Casualties were reported in southern Lebanon, a flashpoint of conflict for Israel on its northern border, with Lebanon state media reporting Israeli shelling killed three people on Friday.

The Iran-backed Lebanese group Hezbollah, a Hamas ally, said two of those killed were its fighters. It added it had carried out several attacks on Israeli military positions at the border.

The Israeli army said its artillery struck sources of fire from Lebanon and air defences had intercepted two launches.

Reuters could not confirm the battlefield accounts.

U.S. and Hamas trade accusations

“We’re going to continue to work with Israel and Egypt and Qatar on efforts to re-implement the pause,” U.S. Defense Secretary Lloyd Austin told a press conference in California, while blaming Hamas for failing to meet conditions on hostages and for an attack in Jerusalem.

U.S. Senator Mark Warner, who chairs the Senate Intelligence Committee, said Washington should be putting pressure on Israel.

“We should be pushing Israel to realise this is not only a military conflict but it is a conflict for hearts and minds of people in the world and people in United States,” Warner told Reuters.

Hamas accused Washington of giving a green light for an Israeli “war of genocide and ethnic cleansing.”

“Today, it brazenly repeats the Zionist lies, which hold Hamas responsible for resuming the war and not extending the humanitarian truce,” it said in a statement.

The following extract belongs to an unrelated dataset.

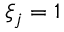<formula> <loc_0><loc_0><loc_500><loc_500>\xi _ { j } = 1</formula> 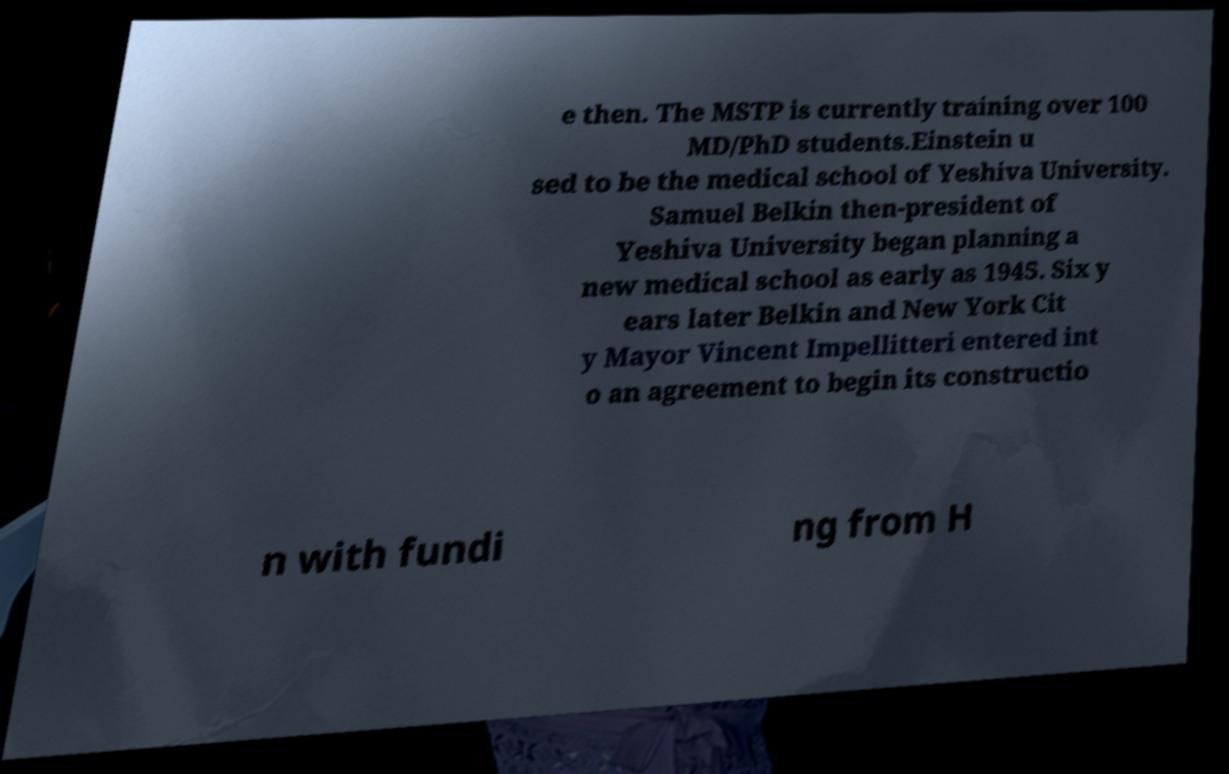What messages or text are displayed in this image? I need them in a readable, typed format. e then. The MSTP is currently training over 100 MD/PhD students.Einstein u sed to be the medical school of Yeshiva University. Samuel Belkin then-president of Yeshiva University began planning a new medical school as early as 1945. Six y ears later Belkin and New York Cit y Mayor Vincent Impellitteri entered int o an agreement to begin its constructio n with fundi ng from H

The U.S. is working on a plan with Israel to minimise harm to civilians in any military operation in southern Gaza, a senior U.S. official said.

Friday’s bombing was most intense in Khan Younis and Rafah in the south, medics and witnesses said. Hundreds of thousands of Gazans have been sheltering there because of fighting in the north.

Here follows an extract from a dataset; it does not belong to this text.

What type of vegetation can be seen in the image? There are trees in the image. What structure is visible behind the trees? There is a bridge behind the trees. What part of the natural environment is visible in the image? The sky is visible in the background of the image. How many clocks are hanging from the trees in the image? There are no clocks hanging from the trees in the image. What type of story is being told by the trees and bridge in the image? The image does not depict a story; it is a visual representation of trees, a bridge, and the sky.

Leaflets dropped on eastern areas of Khan Younis ordered residents of four towns to evacuate – not to other areas in Khan Younis as in the past, but further south to Rafah.

“You have been warned,” the leaflets said in Arabic.

Israel released a link to a map showing Gaza divided into hundreds of districts, which it said would be used in future to communicate which areas were safe.

In Rafah, residents carried several small children, streaked with blood and covered in dust, out of a house that had been struck. Mohammed Abu-Elneen, whose father owns the house, said it was sheltering people displaced from elsewhere.